9. De uitspraak is verder interessant omdat duidelijk is hoe een eventueel gebrek op dit punt nog kan worden hersteld. Voorafgaand aan de zitting bij de rechtbank was door de initiatiefnemer een losse Wnb-vergunning aangevraagd. Daardoor was, aldus de ABRvS, niet langer sprake van een situatie waarbij de vvgb-natuur zou moeten aanhaken bij het besluit tot verlening van de omgevingsvergunning. De rechtbank had daarom, aldus de ABRvS, in de uitspraak moeten afwegen of de rechtsgevolgen van de vernietigde omgevingsvergunning in stand konden blijven. De uitspraak vormt aldus een variant op een situatie waarover de ABRvS zich eerder, in maart 2019, uitsprak (ABRvS 13 maart 2019, ECLI:NL:RVS:2019:803). In die uitspraak overwoog de ABRVS dat een aanvrager na het indienen van de aanvraag omgevingsvergunning (inclusief natuur-vvgb) de natuurtoestemming hiervan kan loskoppelen, door naderhand een losse natuurvergunning aan te vragen zodat de natuur-vvgb bij het besluit tot verlening de omgevingsvergunning niet meer hoeft te worden gevraagd (en beoordeeld). Onderhavige uitspraak laat zien dat een eventueel gebrek in een aanvraag om omgevingsvergunning (door het niet laten aanhaken van de vvgb-natuur) ook nog kan worden hersteld door alsnog een losse Wnb-toestemming aan te vragen. Dat leidt dan wel tot een gegrond beroep, maar ook tot het in stand laten van de rechtsgevolgen van de omgevingsvergunning en daarmee dus materieel tot een onherroepelijke omgevingsvergunning.

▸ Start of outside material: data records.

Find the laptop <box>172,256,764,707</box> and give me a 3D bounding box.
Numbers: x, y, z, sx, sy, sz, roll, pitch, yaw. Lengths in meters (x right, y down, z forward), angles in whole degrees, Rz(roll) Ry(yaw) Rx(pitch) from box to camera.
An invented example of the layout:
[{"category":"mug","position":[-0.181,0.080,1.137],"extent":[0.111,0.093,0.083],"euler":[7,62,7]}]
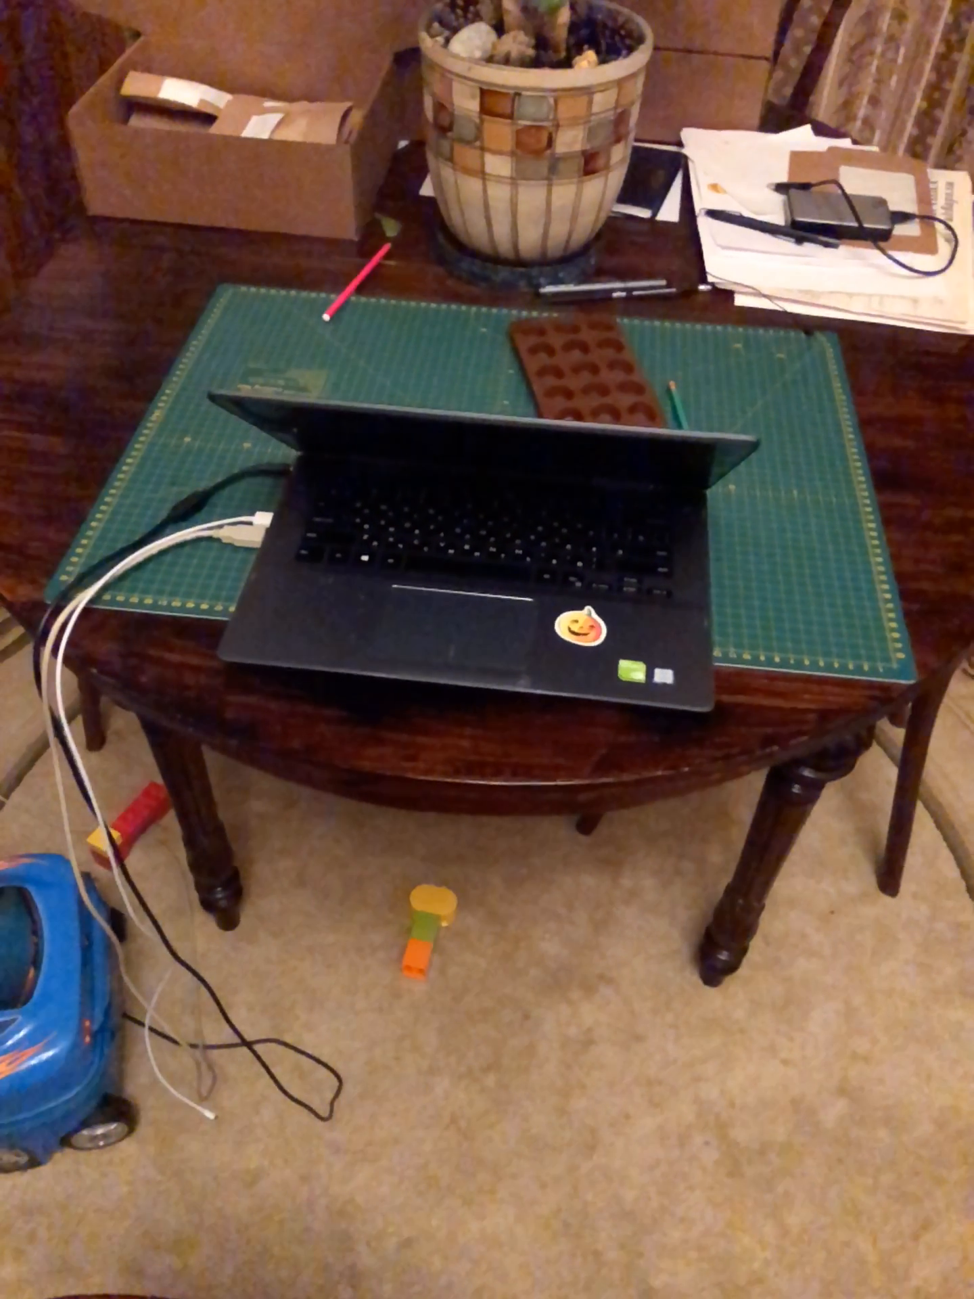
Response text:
[{"category":"laptop","position":[-0.001,-0.116,0.704],"extent":[0.317,0.162,0.225],"euler":[6,47,3]}]

10. Volledigheidshalve wijs ik ten slotte in dit kader nog op de uitspraak van de Rechtbank Overijssel d.d. 10 november 2020 (ECLI:NL:RBOVE:2020:3741), over een situatie waarin (pas) voorafgaand aan de beslissing op bezwaar een losse natuurtoestemming was aangevraagd. Dit was voor de rechtbank voldoende om te concluderen dat een eventueel gebrek bij het primaire besluit tot verlening van de omgevingsvergunning (zonder vvgb-natuur) was hersteld. Een pragmatische oplossing – ware het niet dat hiermee wel een situatie is ontstaan dat, vanwege de onjuiste aanname dat bij indienen van de aanvraag om omgevingsvergunning geen vvgb-natuur nodig was, niet de voorbereidingsprocedure van afd. 3.4 Awb is gevolgd. Terwijl dat m.i. strikt genomen wel had gemoeten. Het is maar goed dat deze procedurele discussies verleden tijd zijn zodra de Omgevingswet in werking is getreden!